Oversubscription in HistGradientBoosting with pytest-xdist
See original GitHub issueWhen running tests with pytest-xdist on a machine with 12 (physical) CPU machine, the use of OpenMP in HistGradientBoosting seem to lead to significant over-subscription,
pytest sklearn/ensemble/_hist_gradient_boosting/gradient_boosting.py -v
for me takes 0.85s. This runs 2 docstrings on training GBDT classifier and regressor on iris and boston datasets respectively.
- Running thin on 2 parallel processes with (
-n 2
) takes 56s (and 50 threads are created). - Running with 2 processes and
OMP_NUM_THREADS=2
takes 0.52s
While I understand the case of catastrophic oversubscription when N_CPU_THREADS**2
threads are created on a machine with many cores, here we create 2*N_CPU_THREADS
only as compared to 1*N_CPU_THREADS
and get a 10x slowdown.
Can someone reproduce it? Here using scikit-learn master, and a conda env on Linux with latest numpy scipy nomkl python=3.7
.
Because pytest-xdist uses its own parallelism system (not sure what it does exactly) I guess this won’t be addressed by threadpoolctl https://github.com/scikit-learn/scikit-learn/issues/14979?

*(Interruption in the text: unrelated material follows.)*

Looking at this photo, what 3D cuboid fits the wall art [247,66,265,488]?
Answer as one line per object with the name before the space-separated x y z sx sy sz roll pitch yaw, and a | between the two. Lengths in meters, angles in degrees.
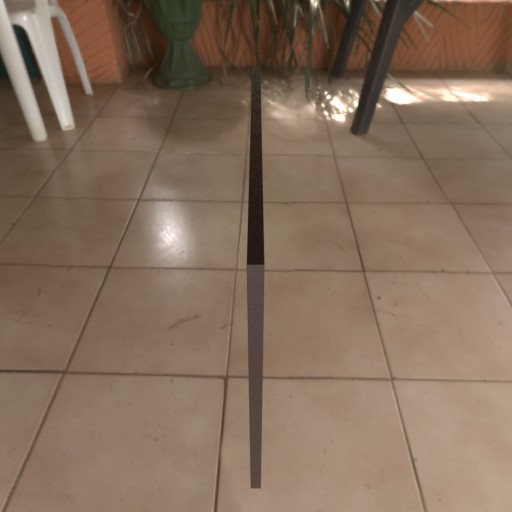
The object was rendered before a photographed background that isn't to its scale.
wall art | 0.000 0.000 1.594 0.034 0.952 1.207 0 40 0

Edit: Originally reported in https://github.com/tomMoral/loky/issues/224
Issue Analytics
- State:
- Created 4 years ago
- Comments:11 (11 by maintainers)
The fact that is so catastrophic even on a small number of cores is intriguing though. @jeremiedbb @NicolasHug maybe you have an idea why this is happening more specifically for HistGradientBoostingClassifier/Regressor?
I wonder why we don’t have a similarly scaled over-subscription problem with MKL or OpenBLAS thread pools.

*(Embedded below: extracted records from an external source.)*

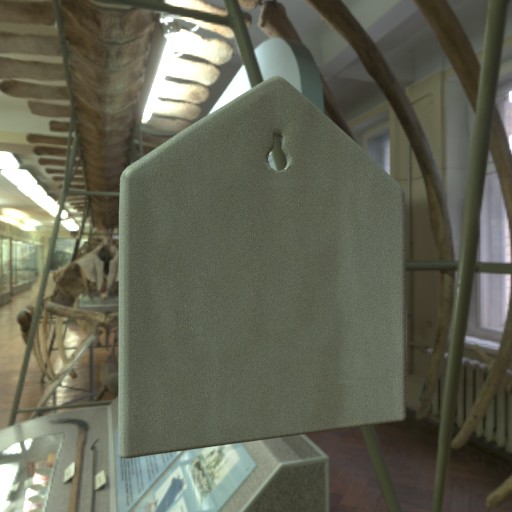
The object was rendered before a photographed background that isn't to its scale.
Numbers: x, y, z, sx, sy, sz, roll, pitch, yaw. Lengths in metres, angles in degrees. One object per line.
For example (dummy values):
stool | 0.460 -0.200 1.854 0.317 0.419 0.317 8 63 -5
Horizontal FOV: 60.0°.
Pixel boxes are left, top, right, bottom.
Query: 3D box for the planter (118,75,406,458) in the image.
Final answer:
planter | 0.000 0.000 0.273 0.163 0.194 0.080 0 -1 -18

There is something weird. On my laptop (2 cores, 4 hyperthreads):
pytest -v sklearn/ensemble/_hist_gradient_boosting/gradient_boosting.py
=> 0.70s (no xdist)pytest -v -n 1 sklearn/ensemble/_hist_gradient_boosting/gradient_boosting.py
=> 1.46s (1 xdist worker)pytest -v -n 2 sklearn/ensemble/_hist_gradient_boosting/gradient_boosting.py
=> 11s to 48s (2 xdist workers)OMP_NUM_THREADS=2 pytest -v -n 2 sklearn/ensemble/_hist_gradient_boosting/gradient_boosting.py
=> 1.15sOMP_NUM_THREADS=4 pytest -v -n 2 sklearn/ensemble/_hist_gradient_boosting/gradient_boosting.py
=> between 7.8s and 34sSo this seems to be a really extreme case of over-subscription.